Copy exactly the lines that run from the top of the listing to the line containing "7. teddy bear (99,65,152,122)", both ends included, and omit the pictures.

________________________________________

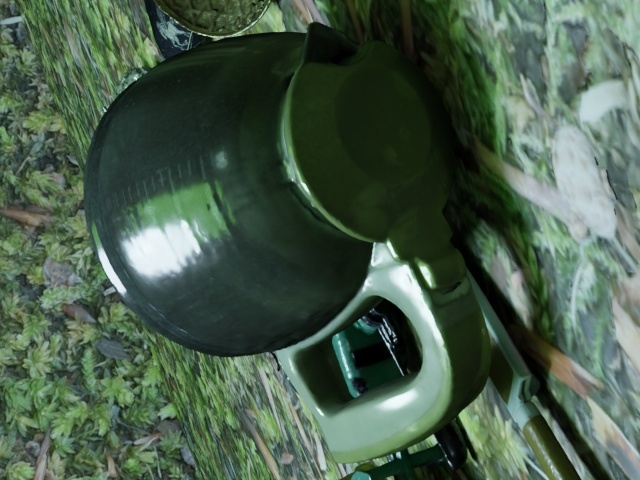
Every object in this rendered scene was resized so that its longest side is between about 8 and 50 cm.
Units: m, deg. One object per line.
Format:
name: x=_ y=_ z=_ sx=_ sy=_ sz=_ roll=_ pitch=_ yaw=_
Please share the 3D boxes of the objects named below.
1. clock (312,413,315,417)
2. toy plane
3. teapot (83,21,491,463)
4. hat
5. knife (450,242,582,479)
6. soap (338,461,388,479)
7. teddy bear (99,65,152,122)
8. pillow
clock: x=0.001 y=0.119 z=1.467 sx=0.110 sy=0.050 sz=0.152 roll=59 pitch=162 yaw=30
toy plane: x=0.037 y=0.107 z=1.246 sx=0.155 sy=0.106 sz=0.381 roll=-38 pitch=68 yaw=62
teapot: x=-0.019 y=-0.006 z=0.985 sx=0.239 sy=0.239 sz=0.321 roll=-19 pitch=68 yaw=54
hat: x=-0.092 y=-0.265 z=1.248 sx=0.146 sy=0.067 sz=0.146 roll=14 pitch=124 yaw=21
knife: x=0.143 y=0.101 z=0.983 sx=0.061 sy=0.027 sz=0.343 roll=86 pitch=160 yaw=-54
soap: x=0.099 y=0.425 z=1.290 sx=0.306 sy=0.115 sz=0.427 roll=-9 pitch=-94 yaw=-84
teddy bear: x=-0.243 y=-0.129 z=1.866 sx=0.133 sy=0.111 sz=0.213 roll=-174 pitch=64 yaw=-78
pillow: x=-0.157 y=-0.266 z=1.483 sx=0.208 sy=0.055 sz=0.141 roll=121 pitch=134 yaw=-71
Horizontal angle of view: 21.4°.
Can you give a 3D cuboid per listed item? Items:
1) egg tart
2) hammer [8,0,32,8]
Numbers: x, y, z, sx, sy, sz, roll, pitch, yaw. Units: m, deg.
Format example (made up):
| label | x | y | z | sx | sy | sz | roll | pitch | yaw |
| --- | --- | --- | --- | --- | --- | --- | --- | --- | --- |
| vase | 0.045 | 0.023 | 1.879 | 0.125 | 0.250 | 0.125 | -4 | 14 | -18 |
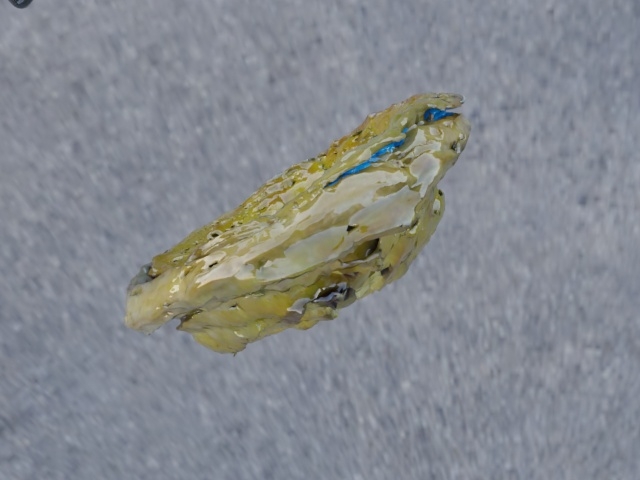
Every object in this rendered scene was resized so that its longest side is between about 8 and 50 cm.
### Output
| label | x | y | z | sx | sy | sz | roll | pitch | yaw |
| --- | --- | --- | --- | --- | --- | --- | --- | --- | --- |
| egg tart | 0.000 | 0.000 | 1.192 | 0.291 | 0.291 | 0.107 | -32 | 97 | -6 |
| hammer | -0.228 | -0.272 | 1.547 | 0.033 | 0.288 | 0.111 | 33 | 63 | -20 |
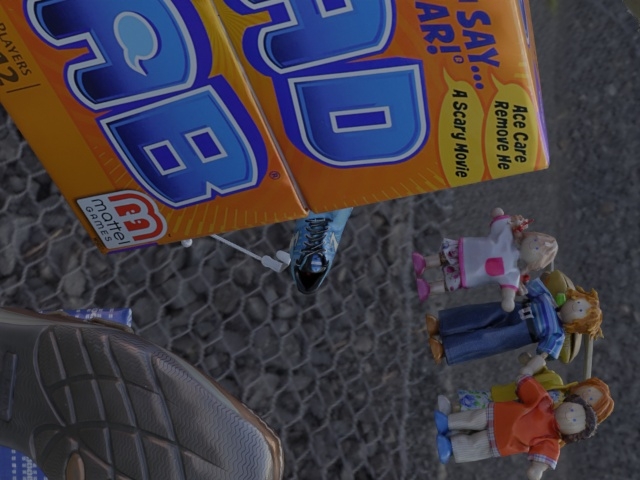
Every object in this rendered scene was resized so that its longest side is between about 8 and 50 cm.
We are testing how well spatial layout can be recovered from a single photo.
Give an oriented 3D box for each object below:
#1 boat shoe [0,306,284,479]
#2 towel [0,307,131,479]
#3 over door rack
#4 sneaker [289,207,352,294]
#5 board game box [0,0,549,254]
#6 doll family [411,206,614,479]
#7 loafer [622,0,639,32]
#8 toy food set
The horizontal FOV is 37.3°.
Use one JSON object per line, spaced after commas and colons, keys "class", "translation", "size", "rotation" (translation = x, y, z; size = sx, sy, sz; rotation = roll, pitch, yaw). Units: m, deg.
{"class": "boat shoe", "translation": [-0.149, 0.107, 0.662], "size": [0.116, 0.324, 0.123], "rotation": [4, 101, -57]}
{"class": "towel", "translation": [-0.327, 0.192, 0.918], "size": [0.040, 0.336, 0.243], "rotation": [0, 86, -75]}
{"class": "over door rack", "translation": [-0.176, -0.089, 1.852], "size": [0.324, 0.108, 0.239], "rotation": [21, 64, 0]}
{"class": "sneaker", "translation": [0.000, 0.000, 1.029], "size": [0.063, 0.162, 0.073], "rotation": [5, 50, -3]}
{"class": "board game box", "translation": [-0.048, -0.261, 0.715], "size": [0.356, 0.356, 0.356], "rotation": [-83, 156, -46]}
{"class": "doll family", "translation": [0.186, 0.105, 0.887], "size": [0.118, 0.163, 0.263], "rotation": [60, 21, -58]}
{"class": "loafer", "translation": [0.407, -0.236, 1.026], "size": [0.102, 0.092, 0.268], "rotation": [-40, 104, -5]}
{"class": "toy food set", "translation": [0.309, 0.098, 1.249], "size": [0.039, 0.192, 0.132], "rotation": [-4, 110, -2]}
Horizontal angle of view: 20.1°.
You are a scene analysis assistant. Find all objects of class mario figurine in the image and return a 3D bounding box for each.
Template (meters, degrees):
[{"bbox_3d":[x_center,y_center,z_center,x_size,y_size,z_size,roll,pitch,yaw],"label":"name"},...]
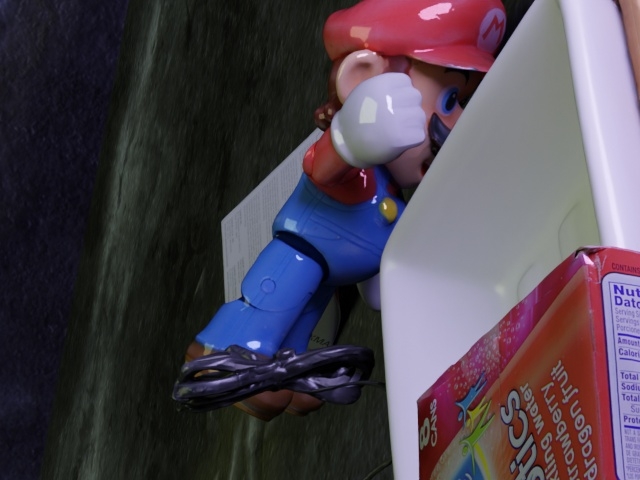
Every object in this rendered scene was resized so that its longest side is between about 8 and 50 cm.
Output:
[{"bbox_3d":[0.045,-0.021,1.212,0.320,0.170,0.198,-63,19,7],"label":"mario figurine"}]

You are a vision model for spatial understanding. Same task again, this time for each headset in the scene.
[{"bbox_3d":[0.000,0.260,1.136,0.243,0.185,0.394,-162,70,-72],"label":"headset"}]

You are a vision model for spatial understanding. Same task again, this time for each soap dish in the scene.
[{"bbox_3d":[0.133,0.024,0.947,0.291,0.118,0.229,120,153,-48],"label":"soap dish"}]

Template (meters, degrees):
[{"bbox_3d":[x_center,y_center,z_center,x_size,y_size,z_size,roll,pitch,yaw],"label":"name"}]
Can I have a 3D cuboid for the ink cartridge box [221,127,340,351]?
[{"bbox_3d":[0.000,0.000,1.543,0.232,0.066,0.189,-39,39,34],"label":"ink cartridge box"}]

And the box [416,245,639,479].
[{"bbox_3d":[0.167,0.102,0.555,0.122,0.257,0.128,130,146,-55],"label":"box"}]
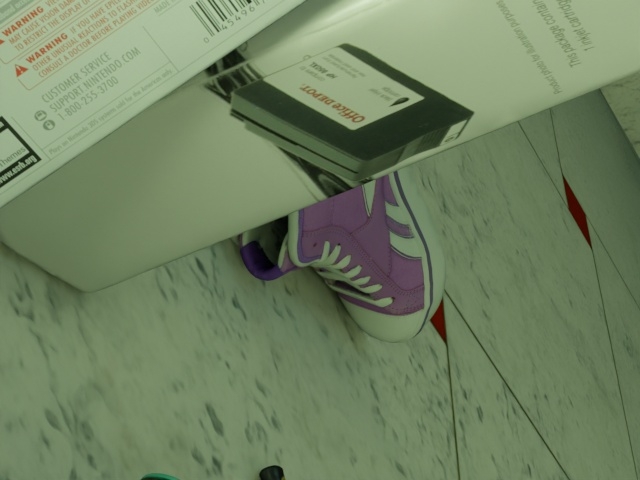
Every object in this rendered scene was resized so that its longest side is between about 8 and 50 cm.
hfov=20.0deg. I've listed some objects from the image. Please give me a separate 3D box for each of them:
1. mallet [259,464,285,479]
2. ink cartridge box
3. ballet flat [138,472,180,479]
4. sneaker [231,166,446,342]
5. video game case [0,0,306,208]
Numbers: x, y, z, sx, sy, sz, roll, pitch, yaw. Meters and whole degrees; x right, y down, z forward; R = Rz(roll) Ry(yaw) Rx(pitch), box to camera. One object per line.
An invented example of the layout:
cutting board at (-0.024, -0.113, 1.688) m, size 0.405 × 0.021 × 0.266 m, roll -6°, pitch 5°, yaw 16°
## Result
mallet at (-0.004, 0.221, 1.069) m, size 0.189 × 0.039 × 0.062 m, roll 68°, pitch 13°, yaw 16°
ink cartridge box at (-0.016, -0.183, 0.934) m, size 0.166 × 0.395 × 0.285 m, roll 42°, pitch 30°, yaw -59°
ballet flat at (-0.056, 0.200, 0.910) m, size 0.188 × 0.070 × 0.070 m, roll 56°, pitch 20°, yaw -27°
sneaker at (-0.001, 0.000, 1.292) m, size 0.161 × 0.102 × 0.282 m, roll -52°, pitch 141°, yaw -34°
video game case at (-0.139, -0.144, 0.721) m, size 0.244 × 0.269 × 0.061 m, roll 52°, pitch 7°, yaw -41°
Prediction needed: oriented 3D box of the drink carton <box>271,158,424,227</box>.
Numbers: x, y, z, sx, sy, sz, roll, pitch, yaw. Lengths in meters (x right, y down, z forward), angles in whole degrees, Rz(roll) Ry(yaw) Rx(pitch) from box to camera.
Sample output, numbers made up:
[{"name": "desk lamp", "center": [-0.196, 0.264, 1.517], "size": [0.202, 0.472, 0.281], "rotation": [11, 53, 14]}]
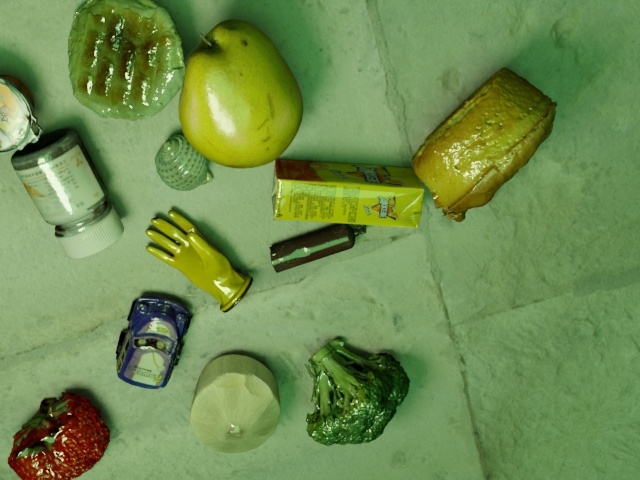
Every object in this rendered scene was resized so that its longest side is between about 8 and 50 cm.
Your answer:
[{"name": "drink carton", "center": [0.062, -0.114, 1.873], "size": [0.351, 0.154, 0.111], "rotation": [4, 115, -8]}]

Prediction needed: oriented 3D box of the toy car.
[{"name": "toy car", "center": [-0.435, 0.269, 2.005], "size": [0.172, 0.158, 0.235], "rotation": [15, 114, -13]}]

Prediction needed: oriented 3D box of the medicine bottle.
[{"name": "medicine bottle", "center": [-0.584, -0.108, 1.802], "size": [0.165, 0.165, 0.273], "rotation": [-20, 115, 4]}]

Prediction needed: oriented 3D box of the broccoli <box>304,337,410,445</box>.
[{"name": "broccoli", "center": [0.074, 0.415, 2.091], "size": [0.321, 0.304, 0.283], "rotation": [-38, 83, 10]}]

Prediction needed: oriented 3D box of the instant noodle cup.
[{"name": "instant noodle cup", "center": [-0.714, -0.295, 1.720], "size": [0.208, 0.125, 0.177], "rotation": [36, 108, -21]}]

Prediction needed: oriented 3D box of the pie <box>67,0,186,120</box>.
[{"name": "pie", "center": [-0.430, -0.402, 1.689], "size": [0.306, 0.071, 0.306], "rotation": [5, 110, 14]}]

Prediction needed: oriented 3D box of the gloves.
[{"name": "gloves", "center": [-0.319, 0.048, 1.950], "size": [0.294, 0.116, 0.133], "rotation": [42, 98, -15]}]

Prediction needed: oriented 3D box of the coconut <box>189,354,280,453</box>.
[{"name": "coconut", "center": [-0.225, 0.441, 2.052], "size": [0.237, 0.266, 0.237], "rotation": [0, 109, -1]}]

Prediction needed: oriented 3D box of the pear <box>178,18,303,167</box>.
[{"name": "pear", "center": [-0.181, -0.316, 1.684], "size": [0.285, 0.285, 0.336], "rotation": [-12, 116, 0]}]

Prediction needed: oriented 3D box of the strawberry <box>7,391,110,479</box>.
[{"name": "strawberry", "center": [-0.687, 0.551, 2.079], "size": [0.261, 0.261, 0.258], "rotation": [-33, 108, 10]}]

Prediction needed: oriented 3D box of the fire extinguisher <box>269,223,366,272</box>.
[{"name": "fire extinguisher", "center": [0.000, 0.000, 1.974], "size": [0.267, 0.072, 0.089], "rotation": [-18, 80, 3]}]

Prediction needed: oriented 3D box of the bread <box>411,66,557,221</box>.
[{"name": "bread", "center": [0.366, -0.222, 1.780], "size": [0.204, 0.337, 0.358], "rotation": [43, 104, 3]}]

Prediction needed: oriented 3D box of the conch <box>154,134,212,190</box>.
[{"name": "conch", "center": [-0.331, -0.174, 1.838], "size": [0.135, 0.102, 0.153], "rotation": [-18, 118, 19]}]
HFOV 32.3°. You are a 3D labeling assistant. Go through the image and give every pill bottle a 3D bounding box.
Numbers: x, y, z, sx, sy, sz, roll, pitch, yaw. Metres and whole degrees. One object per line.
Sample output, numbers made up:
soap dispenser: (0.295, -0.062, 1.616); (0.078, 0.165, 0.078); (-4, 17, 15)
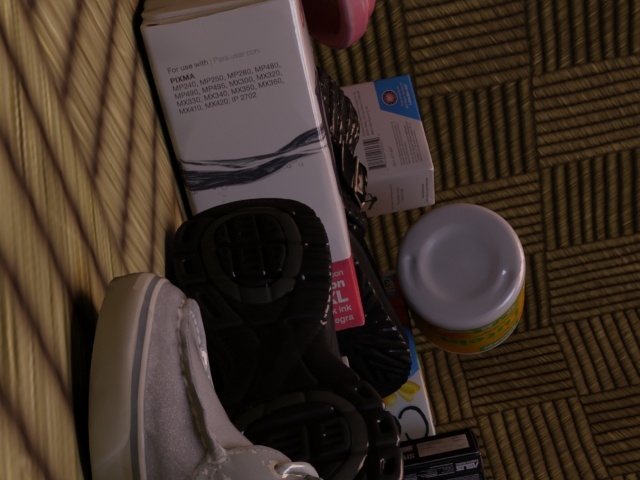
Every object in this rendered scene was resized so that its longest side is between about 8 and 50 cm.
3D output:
pill bottle: (0.164, 0.055, 1.262); (0.246, 0.136, 0.136); (57, 21, -72)

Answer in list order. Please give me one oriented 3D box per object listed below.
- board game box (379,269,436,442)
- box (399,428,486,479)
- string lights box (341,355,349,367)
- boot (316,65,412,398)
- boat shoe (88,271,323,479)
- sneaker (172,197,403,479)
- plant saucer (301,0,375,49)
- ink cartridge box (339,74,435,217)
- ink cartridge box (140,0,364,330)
board game box: (0.059, 0.197, 1.325); (0.142, 0.144, 0.275); (70, 7, -68)
box: (0.091, 0.294, 1.169); (0.077, 0.180, 0.147); (-83, 161, -81)
string lights box: (0.015, 0.239, 0.896); (0.133, 0.076, 0.260); (-96, 174, -56)
boot: (0.004, -0.002, 1.178); (0.348, 0.131, 0.260); (75, 4, -50)
boat shoe: (-0.030, 0.117, 0.395); (0.079, 0.081, 0.228); (71, 8, -71)
sneaker: (-0.016, 0.107, 0.582); (0.286, 0.109, 0.130); (-97, -179, -47)
plant saucer: (-0.033, -0.370, 1.208); (0.332, 0.084, 0.332); (54, -9, 12)
ink cartridge box: (0.025, -0.104, 1.344); (0.086, 0.203, 0.148); (78, 2, -60)
ink cartridge box: (-0.043, -0.071, 0.776); (0.172, 0.100, 0.237); (-98, 176, -65)
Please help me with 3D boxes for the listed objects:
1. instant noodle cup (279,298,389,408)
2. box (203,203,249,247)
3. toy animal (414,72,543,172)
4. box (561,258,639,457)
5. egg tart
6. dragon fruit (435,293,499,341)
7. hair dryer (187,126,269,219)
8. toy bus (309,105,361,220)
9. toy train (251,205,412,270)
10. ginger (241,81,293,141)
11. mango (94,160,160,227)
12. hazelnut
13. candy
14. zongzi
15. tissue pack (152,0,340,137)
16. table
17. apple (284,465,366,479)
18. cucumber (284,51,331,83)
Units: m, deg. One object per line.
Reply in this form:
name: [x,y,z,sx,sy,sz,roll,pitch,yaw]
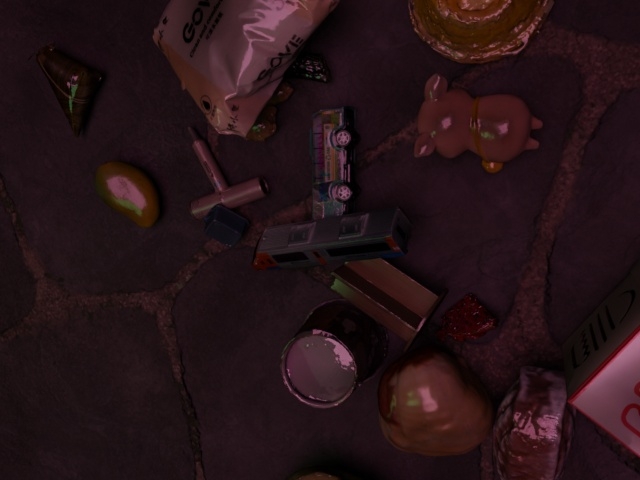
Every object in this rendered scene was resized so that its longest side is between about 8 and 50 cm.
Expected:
instant noodle cup: [0.026,0.255,1.428,0.217,0.207,0.217,3,99,18]
box: [-0.226,-0.030,1.515,0.099,0.054,0.074,30,125,-19]
toy animal: [0.320,-0.229,1.303,0.248,0.149,0.165,7,85,4]
box: [0.663,0.230,1.175,0.312,0.314,0.300,38,110,8]
egg tart: [0.315,-0.508,1.269,0.315,0.120,0.315,3,100,17]
dragon fruit: [0.326,0.192,1.416,0.131,0.063,0.097,-43,50,14]
hair dryer: [-0.240,-0.181,1.532,0.195,0.053,0.220,-16,87,18]
toy bus: [0.033,-0.165,1.426,0.109,0.091,0.262,3,98,23]
toy train: [0.000,0.000,1.392,0.409,0.086,0.089,-7,139,35]
ginger: [-0.123,-0.288,1.462,0.165,0.067,0.096,-42,64,18]
mango: [-0.473,-0.123,1.591,0.191,0.085,0.122,32,96,0]
hazelnut: [0.249,0.342,1.380,0.261,0.241,0.261,18,131,22]
candy: [0.434,0.386,1.307,0.157,0.214,0.289,7,129,18]
zongzi: [-0.654,-0.379,1.611,0.187,0.084,0.184,32,116,17]
tissue pack: [-0.172,-0.466,1.362,0.375,0.195,0.390,-50,61,20]
table: [0.139,0.114,1.400,0.226,0.167,0.167,34,106,14]
apple: [0.026,0.664,1.478,0.295,0.233,0.258,18,84,24]
cucumber: [-0.094,-0.395,1.440,0.245,0.067,0.067,10,101,16]
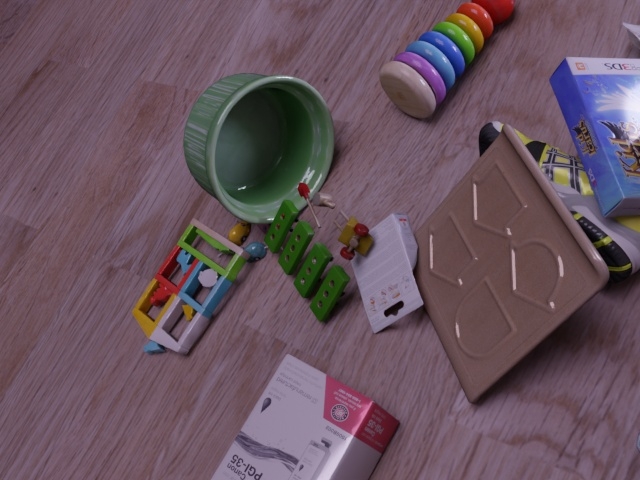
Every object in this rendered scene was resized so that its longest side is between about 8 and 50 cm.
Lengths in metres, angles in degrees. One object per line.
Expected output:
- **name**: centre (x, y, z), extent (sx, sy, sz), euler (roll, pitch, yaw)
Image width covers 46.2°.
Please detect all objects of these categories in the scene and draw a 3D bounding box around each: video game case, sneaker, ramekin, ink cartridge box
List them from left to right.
- **ramekin**: centre (-0.132, -0.198, 1.547), extent (0.148, 0.303, 0.303), euler (28, 78, 46)
- **ink cartridge box**: centre (-0.033, 0.367, 1.255), extent (0.207, 0.117, 0.283), euler (22, 74, 37)
- **ink cartridge box**: centre (0.127, 0.060, 1.368), extent (0.145, 0.045, 0.179), euler (-39, 62, 44)
- **sneaker**: centre (0.417, -0.085, 1.281), extent (0.147, 0.145, 0.385), euler (-30, 53, -12)
- **video game case**: centre (0.520, -0.169, 1.190), extent (0.244, 0.061, 0.270), euler (-3, 62, -16)

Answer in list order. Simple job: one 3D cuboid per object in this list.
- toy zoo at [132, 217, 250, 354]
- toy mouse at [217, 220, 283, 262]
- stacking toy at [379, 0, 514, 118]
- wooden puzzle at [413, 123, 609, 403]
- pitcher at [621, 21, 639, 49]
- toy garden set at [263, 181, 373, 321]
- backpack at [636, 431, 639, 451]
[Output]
- **toy zoo**: centre (-0.291, 0.112, 1.596), extent (0.192, 0.030, 0.293), euler (30, 85, 41)
- **toy mouse**: centre (-0.136, -0.010, 1.598), extent (0.143, 0.031, 0.161), euler (27, 77, 38)
- **stacking toy**: centre (0.275, -0.410, 1.555), extent (0.330, 0.141, 0.141), euler (-47, 50, -11)
- **wooden puzzle**: centre (0.289, 0.040, 1.217), extent (0.348, 0.080, 0.322), euler (-57, 39, 37)
- **pitcher**: centre (0.661, -0.355, 1.309), extent (0.207, 0.125, 0.178), euler (-25, 73, 28)
- **toy garden set**: centre (0.000, 0.000, 1.453), extent (0.244, 0.049, 0.204), euler (53, 127, 37)
- **backpack**: centre (0.563, 0.264, 0.942), extent (0.225, 0.191, 0.253), euler (-47, 55, -4)
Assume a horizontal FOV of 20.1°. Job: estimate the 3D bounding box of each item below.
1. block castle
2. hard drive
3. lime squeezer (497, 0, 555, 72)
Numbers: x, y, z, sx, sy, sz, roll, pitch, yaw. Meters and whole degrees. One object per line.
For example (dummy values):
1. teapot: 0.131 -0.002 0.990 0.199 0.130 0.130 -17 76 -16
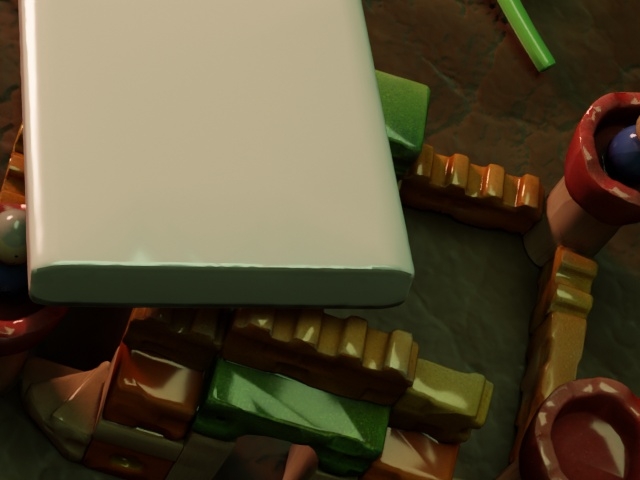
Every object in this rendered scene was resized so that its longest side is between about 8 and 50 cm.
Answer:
1. block castle: 0.000 0.000 1.134 0.453 0.213 0.303 17 62 -9
2. hard drive: -0.069 -0.096 1.038 0.203 0.040 0.308 1 52 -13
3. lime squeezer: 0.127 -0.275 1.404 0.110 0.059 0.310 26 54 -38

________________________________________

SOLUTION ->
Every object in this rendered scene was resized so that its longest side is between about 8 and 50 cm.
Units: m, deg. One object per line.
Format:
name: x=_ y=_ z=_ sx=_ sy=_ sz=_ roll=_ pitch=_ yaw=_
Please share the 3D boxes of the objects named below.
1. clock (312,413,315,417)
2. toy plane
3. teapot (83,21,491,463)
4. hat
5. knife (450,242,582,479)
6. soap (338,461,388,479)
7. teddy bear (99,65,152,122)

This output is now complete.